When an electric current is passes through acidified water, 112 mL of hydrogen gas at N.T.P. was collected at the cathode in 965 seconds. The current passed, in ampere, is:

At normal temperature and pressure (N.T.P.), one mole of any ideal gas occupies a molar volume of $$22.4\ \text{L}=22400\ \text{mL}.$$

We have collected only $$112\ \text{mL}$$ of hydrogen.

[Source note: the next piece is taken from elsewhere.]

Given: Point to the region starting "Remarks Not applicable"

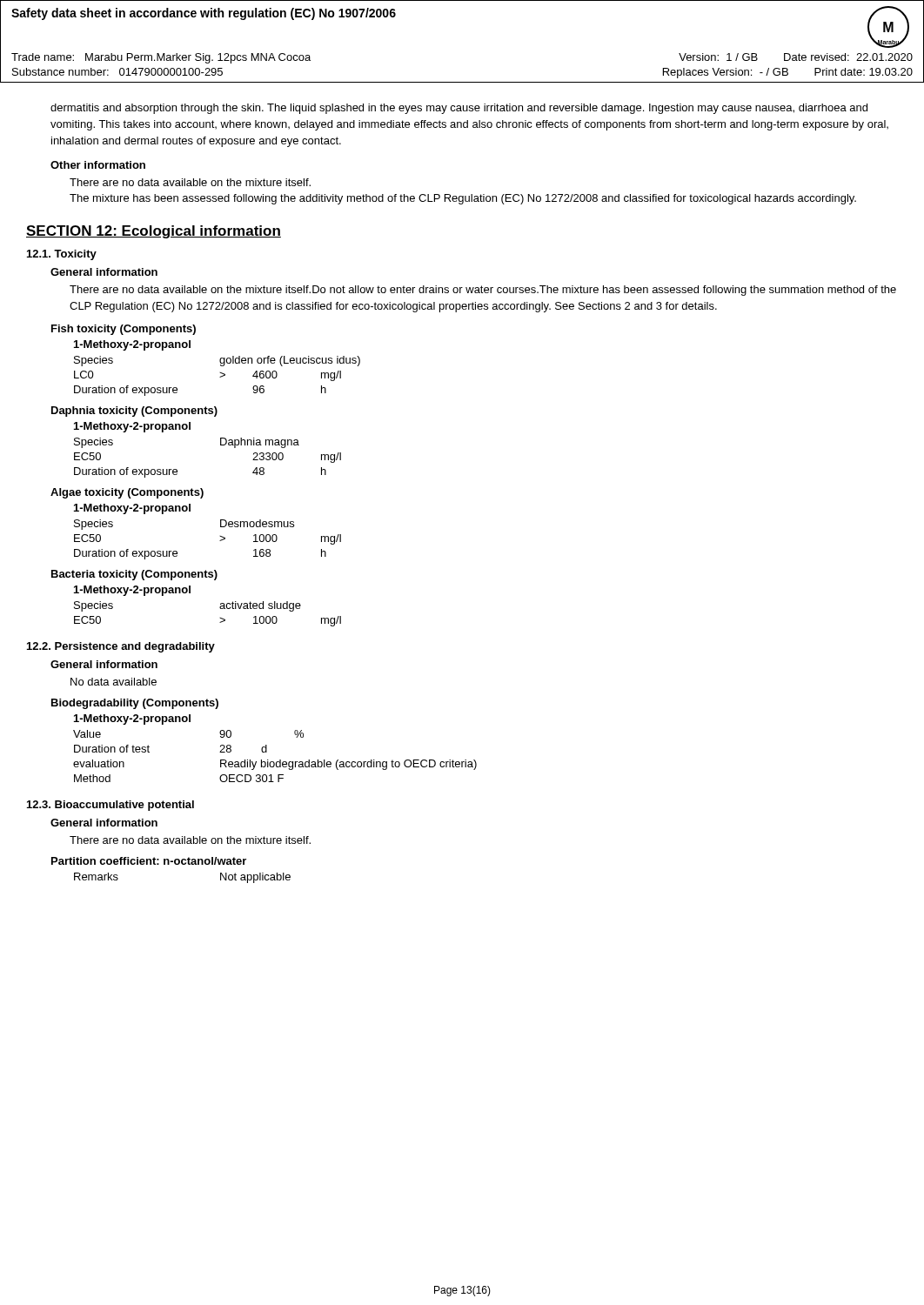Looking at the screenshot, I should [x=92, y=877].

The number of moles of hydrogen obtained is therefore

$$n(\text{H}_2)=\frac{\text{volume of H}_2}{\text{molar volume}}=\frac{112\ \text{mL}}{22400\ \text{mL mol}^{-1}}=0.005\ \text{mol}.$$

During electrolysis of acidified water, hydrogen forms at the cathode according to the half-reaction

$$2\text{H}^+(aq)+2e^- \longrightarrow \text{H}_2(g).$$

This equation shows that $$2$$ moles of electrons are needed to produce $$1$$ mole of $$\text{H}_2.$$ Hence, to produce $$0.005\ \text{mol}$$ of $$\text{H}_2,$$ the moles of electrons required are

$$n(e^-)=2\times n(\text{H}_2)=2\times0.005=0.010\ \text{mol}.$$

The charge carried by one mole of electrons is the Faraday constant $$F=96500\ \text{C mol}^{-1}.$$ Therefore, the total charge that has passed through the solution is

$$Q=n(e^-)\,F=0.010\ \text{mol}\times96500\ \text{C mol}^{-1}=965\ \text{C}.$$

The problem states that this charge was delivered in $$t=965\ \text{s}.$$ Electric current is defined by the relation $$I=\dfrac{Q}{t}.$$ Substituting the values gives

$$I=\frac{965\ \text{C}}{965\ \text{s}}=1.0\ \text{A}.$$

Hence, the correct answer is Option D.